The configureAsterSpark script generated the installation/configuration script AsterSpark_queen_host_name_queen.sh, which installs and configures the files that allow Aster Database nodes to use the RunOnSpark function to query the Hadoop/Spark cluster.
The AsterSpark_queen_host_name_hadoop.sh is idempotent: rerunning it does not duplicate previous work. If an item to create or copy already exists, the script reports this fact and continues.
-
On the queen node, run the script:
./AsterSpark_queen_host_name_queen.sh
The script:- Gives Aster Database vworkers OpenSSH access to the Hadoop Spark name node.

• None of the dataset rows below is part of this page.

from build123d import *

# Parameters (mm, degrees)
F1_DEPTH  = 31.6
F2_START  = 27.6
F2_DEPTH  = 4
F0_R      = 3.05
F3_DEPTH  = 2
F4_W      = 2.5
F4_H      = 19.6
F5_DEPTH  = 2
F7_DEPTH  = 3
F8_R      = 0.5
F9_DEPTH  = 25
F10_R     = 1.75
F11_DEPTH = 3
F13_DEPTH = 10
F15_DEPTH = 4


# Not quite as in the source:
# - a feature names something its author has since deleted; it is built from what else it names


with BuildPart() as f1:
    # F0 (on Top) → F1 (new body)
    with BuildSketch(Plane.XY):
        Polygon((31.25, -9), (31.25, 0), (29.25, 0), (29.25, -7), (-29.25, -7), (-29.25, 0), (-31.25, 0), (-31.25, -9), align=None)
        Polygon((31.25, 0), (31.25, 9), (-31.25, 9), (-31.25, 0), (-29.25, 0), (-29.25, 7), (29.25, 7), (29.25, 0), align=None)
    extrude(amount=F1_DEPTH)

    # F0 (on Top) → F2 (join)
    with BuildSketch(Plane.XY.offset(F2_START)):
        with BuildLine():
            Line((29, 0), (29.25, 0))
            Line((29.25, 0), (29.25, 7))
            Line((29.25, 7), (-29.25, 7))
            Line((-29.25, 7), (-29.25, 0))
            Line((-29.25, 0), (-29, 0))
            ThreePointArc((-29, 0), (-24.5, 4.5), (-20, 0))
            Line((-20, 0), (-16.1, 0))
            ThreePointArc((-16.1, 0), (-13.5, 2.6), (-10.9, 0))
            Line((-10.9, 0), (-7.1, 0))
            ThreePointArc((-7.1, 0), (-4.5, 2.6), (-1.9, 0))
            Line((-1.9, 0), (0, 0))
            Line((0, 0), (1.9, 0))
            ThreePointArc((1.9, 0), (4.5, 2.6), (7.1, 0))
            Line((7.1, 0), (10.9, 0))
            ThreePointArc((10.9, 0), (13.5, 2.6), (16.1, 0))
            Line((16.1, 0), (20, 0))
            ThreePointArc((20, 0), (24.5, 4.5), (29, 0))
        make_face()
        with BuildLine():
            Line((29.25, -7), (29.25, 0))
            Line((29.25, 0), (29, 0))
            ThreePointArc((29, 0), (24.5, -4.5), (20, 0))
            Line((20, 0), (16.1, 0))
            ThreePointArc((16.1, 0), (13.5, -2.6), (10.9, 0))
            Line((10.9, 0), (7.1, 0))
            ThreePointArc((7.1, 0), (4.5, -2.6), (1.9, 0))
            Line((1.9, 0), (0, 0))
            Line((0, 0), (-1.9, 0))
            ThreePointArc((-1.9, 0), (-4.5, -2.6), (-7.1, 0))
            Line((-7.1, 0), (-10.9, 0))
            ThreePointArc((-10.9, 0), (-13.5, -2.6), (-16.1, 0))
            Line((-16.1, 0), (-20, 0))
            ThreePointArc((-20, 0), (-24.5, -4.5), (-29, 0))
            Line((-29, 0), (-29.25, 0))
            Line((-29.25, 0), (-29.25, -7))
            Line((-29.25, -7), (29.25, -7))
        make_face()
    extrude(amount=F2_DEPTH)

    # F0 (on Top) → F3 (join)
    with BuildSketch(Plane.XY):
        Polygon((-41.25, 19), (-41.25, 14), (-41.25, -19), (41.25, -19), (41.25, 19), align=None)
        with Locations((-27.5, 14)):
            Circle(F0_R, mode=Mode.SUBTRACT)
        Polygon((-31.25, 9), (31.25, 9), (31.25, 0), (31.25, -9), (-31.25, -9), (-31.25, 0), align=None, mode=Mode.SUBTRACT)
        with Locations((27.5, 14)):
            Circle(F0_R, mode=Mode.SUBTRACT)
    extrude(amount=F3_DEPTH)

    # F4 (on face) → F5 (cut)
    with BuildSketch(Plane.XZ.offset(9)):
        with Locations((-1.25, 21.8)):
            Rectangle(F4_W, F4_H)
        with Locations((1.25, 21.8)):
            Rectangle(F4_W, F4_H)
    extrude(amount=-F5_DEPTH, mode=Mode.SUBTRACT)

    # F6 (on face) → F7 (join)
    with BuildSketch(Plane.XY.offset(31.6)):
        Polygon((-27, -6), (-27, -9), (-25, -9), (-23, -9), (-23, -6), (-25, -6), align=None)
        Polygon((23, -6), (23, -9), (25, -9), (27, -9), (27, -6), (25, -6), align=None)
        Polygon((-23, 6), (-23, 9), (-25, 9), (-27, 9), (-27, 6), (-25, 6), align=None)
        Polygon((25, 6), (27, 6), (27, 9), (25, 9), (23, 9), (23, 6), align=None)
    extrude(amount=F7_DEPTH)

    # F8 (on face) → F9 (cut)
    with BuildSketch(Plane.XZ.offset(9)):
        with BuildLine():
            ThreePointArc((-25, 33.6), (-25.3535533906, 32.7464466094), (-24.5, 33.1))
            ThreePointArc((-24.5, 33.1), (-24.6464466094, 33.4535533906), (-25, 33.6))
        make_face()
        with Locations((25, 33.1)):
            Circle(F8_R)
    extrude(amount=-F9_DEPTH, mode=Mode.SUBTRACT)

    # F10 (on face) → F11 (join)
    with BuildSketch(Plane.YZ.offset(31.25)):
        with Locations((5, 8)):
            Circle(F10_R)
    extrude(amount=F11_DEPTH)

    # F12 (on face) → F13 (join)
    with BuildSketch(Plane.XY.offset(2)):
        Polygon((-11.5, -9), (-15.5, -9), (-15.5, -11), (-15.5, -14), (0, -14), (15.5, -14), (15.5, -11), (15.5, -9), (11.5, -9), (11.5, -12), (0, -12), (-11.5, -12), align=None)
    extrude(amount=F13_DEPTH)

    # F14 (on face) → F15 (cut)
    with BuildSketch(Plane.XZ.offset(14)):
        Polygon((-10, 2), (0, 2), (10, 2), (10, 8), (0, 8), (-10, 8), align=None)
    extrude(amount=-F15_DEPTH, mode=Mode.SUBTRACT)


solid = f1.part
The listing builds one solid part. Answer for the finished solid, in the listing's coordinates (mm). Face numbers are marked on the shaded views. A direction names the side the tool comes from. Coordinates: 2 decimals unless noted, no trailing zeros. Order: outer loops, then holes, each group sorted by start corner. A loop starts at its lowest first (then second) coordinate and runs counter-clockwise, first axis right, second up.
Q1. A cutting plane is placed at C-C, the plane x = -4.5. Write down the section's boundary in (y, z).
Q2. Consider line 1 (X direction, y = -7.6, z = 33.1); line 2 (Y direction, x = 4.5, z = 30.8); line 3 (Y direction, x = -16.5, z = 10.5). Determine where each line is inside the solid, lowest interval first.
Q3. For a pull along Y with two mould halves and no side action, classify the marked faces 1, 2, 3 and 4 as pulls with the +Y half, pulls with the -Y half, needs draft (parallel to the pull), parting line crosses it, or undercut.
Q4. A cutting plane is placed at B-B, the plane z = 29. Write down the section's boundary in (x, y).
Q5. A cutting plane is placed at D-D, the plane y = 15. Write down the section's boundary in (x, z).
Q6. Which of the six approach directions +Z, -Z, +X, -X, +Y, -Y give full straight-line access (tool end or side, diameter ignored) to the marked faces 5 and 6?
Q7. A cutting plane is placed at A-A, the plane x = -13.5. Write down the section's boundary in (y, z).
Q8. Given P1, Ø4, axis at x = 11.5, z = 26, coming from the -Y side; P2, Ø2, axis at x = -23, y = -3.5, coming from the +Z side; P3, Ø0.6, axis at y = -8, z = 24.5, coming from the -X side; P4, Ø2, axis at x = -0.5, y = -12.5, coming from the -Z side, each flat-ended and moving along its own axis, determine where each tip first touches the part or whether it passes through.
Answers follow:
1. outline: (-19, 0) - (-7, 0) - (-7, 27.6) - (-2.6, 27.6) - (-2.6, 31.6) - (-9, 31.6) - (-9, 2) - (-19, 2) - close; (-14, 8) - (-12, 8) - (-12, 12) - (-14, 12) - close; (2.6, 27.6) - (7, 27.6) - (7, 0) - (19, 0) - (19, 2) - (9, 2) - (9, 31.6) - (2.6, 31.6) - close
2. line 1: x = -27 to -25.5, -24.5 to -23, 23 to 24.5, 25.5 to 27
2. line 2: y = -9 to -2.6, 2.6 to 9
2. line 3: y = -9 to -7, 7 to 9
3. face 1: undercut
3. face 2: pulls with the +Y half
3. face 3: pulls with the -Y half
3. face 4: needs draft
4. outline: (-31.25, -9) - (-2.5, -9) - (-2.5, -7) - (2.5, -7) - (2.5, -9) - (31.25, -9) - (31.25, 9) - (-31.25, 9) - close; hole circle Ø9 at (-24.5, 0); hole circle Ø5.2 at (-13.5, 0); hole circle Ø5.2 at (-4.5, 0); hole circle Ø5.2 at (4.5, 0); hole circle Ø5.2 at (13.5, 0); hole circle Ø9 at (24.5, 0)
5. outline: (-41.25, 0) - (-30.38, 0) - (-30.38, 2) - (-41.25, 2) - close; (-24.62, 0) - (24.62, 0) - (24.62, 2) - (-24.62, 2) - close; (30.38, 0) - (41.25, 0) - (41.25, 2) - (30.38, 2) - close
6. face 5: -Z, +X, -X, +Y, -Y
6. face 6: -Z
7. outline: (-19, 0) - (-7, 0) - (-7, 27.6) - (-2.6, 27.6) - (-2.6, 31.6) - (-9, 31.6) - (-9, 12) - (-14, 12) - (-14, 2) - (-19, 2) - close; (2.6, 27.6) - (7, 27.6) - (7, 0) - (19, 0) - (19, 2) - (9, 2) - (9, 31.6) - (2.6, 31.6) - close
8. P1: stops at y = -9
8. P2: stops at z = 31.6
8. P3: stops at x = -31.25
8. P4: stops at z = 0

The vworkers run RunOnSpark queries as the user extensibility. To secure the IDENTITYFILE, the script transfers its ownership to the user extensibility. The permission settings of the IDENTITYFILE limit access to its owner.
- Copies Hadoop configuration files from the Hadoop Spark name node to the vworkers.
- If necessary, copies the Hadoop jar files from the Hadoop Spark name node to the vworkers.
Hadoop Distribution Hadoop jar files in sqlh-supplied directory HDP2.3 /home/beehive/partner/hadoop/HDP2.3 HDP2.1 /home/beehive/partner/hadoop/HDP2.1 HDP1.3.2 /home/beehive/partner/hadoop/HDP1.3.2 This step is unnecessary for HDP Hadoop distros supported by Aster SQL-H, which provides the required Hadoop jar files.
- Copies Spark client files from the Hadoop Spark name node to the vworkers.
- Copies Spark client configuration from the Hadoop Spark name node to the vworkers.
- Creates four spark.config identifiers.
Hortonworks and Cloudera Spark can use all four spark.config identifiers in RunOnSpark queries.
- Installs RunOnSpark.zip.
- Tests the four spark.config identifiers on a schema that it creates and populates (and after the test, drops that schema).
- Gives Aster Database vworkers OpenSSH access to the Hadoop Spark name node.